7th President of the Pamantasan Lungsod ng Maynila
- In office August 4, 2007 – November 30, 2009
- Preceded by: Dr. Benjamin G. Tayabas
- Succeeded by: Atty. Rafaelito M. Garayblas

Personal details
- Born: October 2, 1970 (age 55) Manila, Philippines
- Party: Nacionalista
- Other political affiliations: UNO (until 2010)
- Spouse: Rowena Kapunan
- Children: 2
- Parent: Mamintal Tamano (father);
- Alma mater: Ateneo de Manila University (BA, JD) Harvard University (LL.M.) University of the Philippines Diliman (MPA)

= Adel Tamano =

Filipino lawyer, educator, and corporate executive

Adel Abbas Tamano (born October 2, 1970) is a Filipino lawyer and educator. He is the current chief administrative officer, chief of Human Resources, and corporate secretary of DITO Telecommunity Corporation. He gained prominence as the spokesperson for the anti-Arroyo party United Opposition (UNO) in 2007 and was part of the senate lineup in 2010.

==Early life and education==
Tamano was born on October 2, 1970, in Manila to Senator Mamintal Tamano and civic leader Hadja Putri Zorayda Abbas Tamano. He was their eighth child.

Tamano started his academic career at The Ateneo de Manila University with a degree in Economics. From there, he obtained multiple degrees: a Juris Doctor from the Ateneo de Manila University, a Master’s in Public Administration from the University of the Philippines (2003), and a Master of Laws from Harvard Law School (2005).

== Professional career ==
Working under the esteemed Estelito P. Mendoza, Tamano received a practical education in the law and went on to work as an associate with several law firms. He opened his firm in 2004.

Tamano has worked as a teacher and administrator of a few schools and universities. He served as dean for the College of Law of Liceo de Cagayan University in Cagayan de Oro from 2011 to 2012. Before that, he was the university president of the Pamantasan ng Lungsod ng Maynila from 2007 to 2009.

Also in 2011, Tamano joined the corporate world when he was brought on as vice president for Public Affairs and Communications for Coca-Cola Philippines.

In 2019, he took the helm as chief administrative officer, chief of Human Resources, and corporate secretary of DITO Telecommunity Corporation. Under his watch, the company has been growing in the difficult Philippine market.

== Career highlights ==
Tamano led the DITO organization in the bidding, establishment, and commercial launch of the third telco in the Philippines.
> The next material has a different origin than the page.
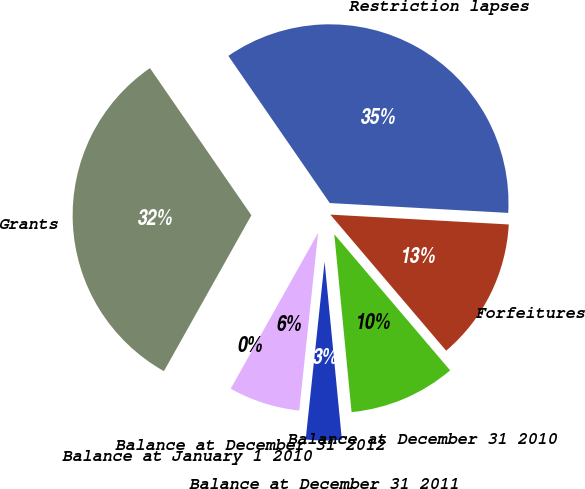Convert chart to OTSL. <chart><loc_0><loc_0><loc_500><loc_500><pie_chart><fcel>Balance at January 1 2010<fcel>Grants<fcel>Restriction lapses<fcel>Forfeitures<fcel>Balance at December 31 2010<fcel>Balance at December 31 2011<fcel>Balance at December 31 2012<nl><fcel>0.0%<fcel>32.26%<fcel>35.48%<fcel>12.9%<fcel>9.68%<fcel>3.23%<fcel>6.45%<nl></chart> 
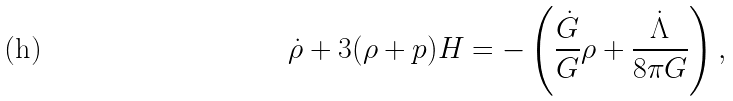Convert formula to latex. <formula><loc_0><loc_0><loc_500><loc_500>\dot { \rho } + 3 ( \rho + p ) H = - \left ( \frac { \dot { G } } { G } \rho + \frac { \dot { \Lambda } } { 8 \pi G } \right ) ,</formula> 
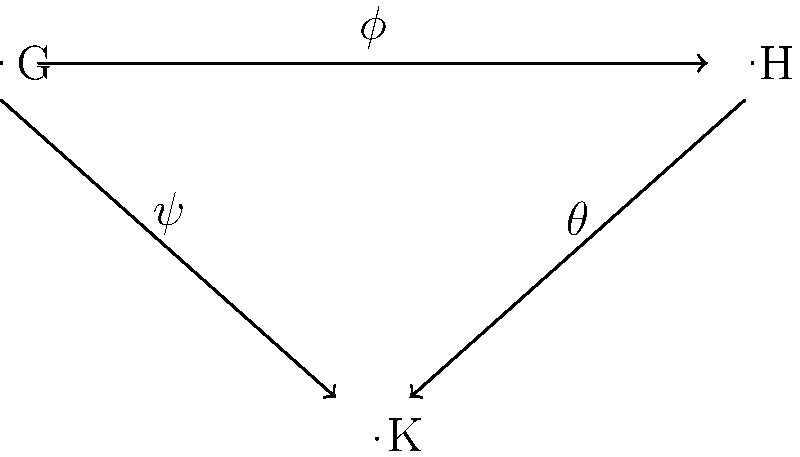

He has held top-level government posts as university president (University of the City of Manila (2007–2009) and general counsel of the Senate of the Philippines' Committee on Justice (2007–2008).

== Media ==
In tandem with his law career, corporate positions, and work in academia, Tamano has also maintained a media presence and platform. He wrote a column in The Philippine Star, and had a show on ANC which was called Tamano Perspective.

== Personal life ==
Tamano is married to attorney Rowena Kapunan. The couple has two sons.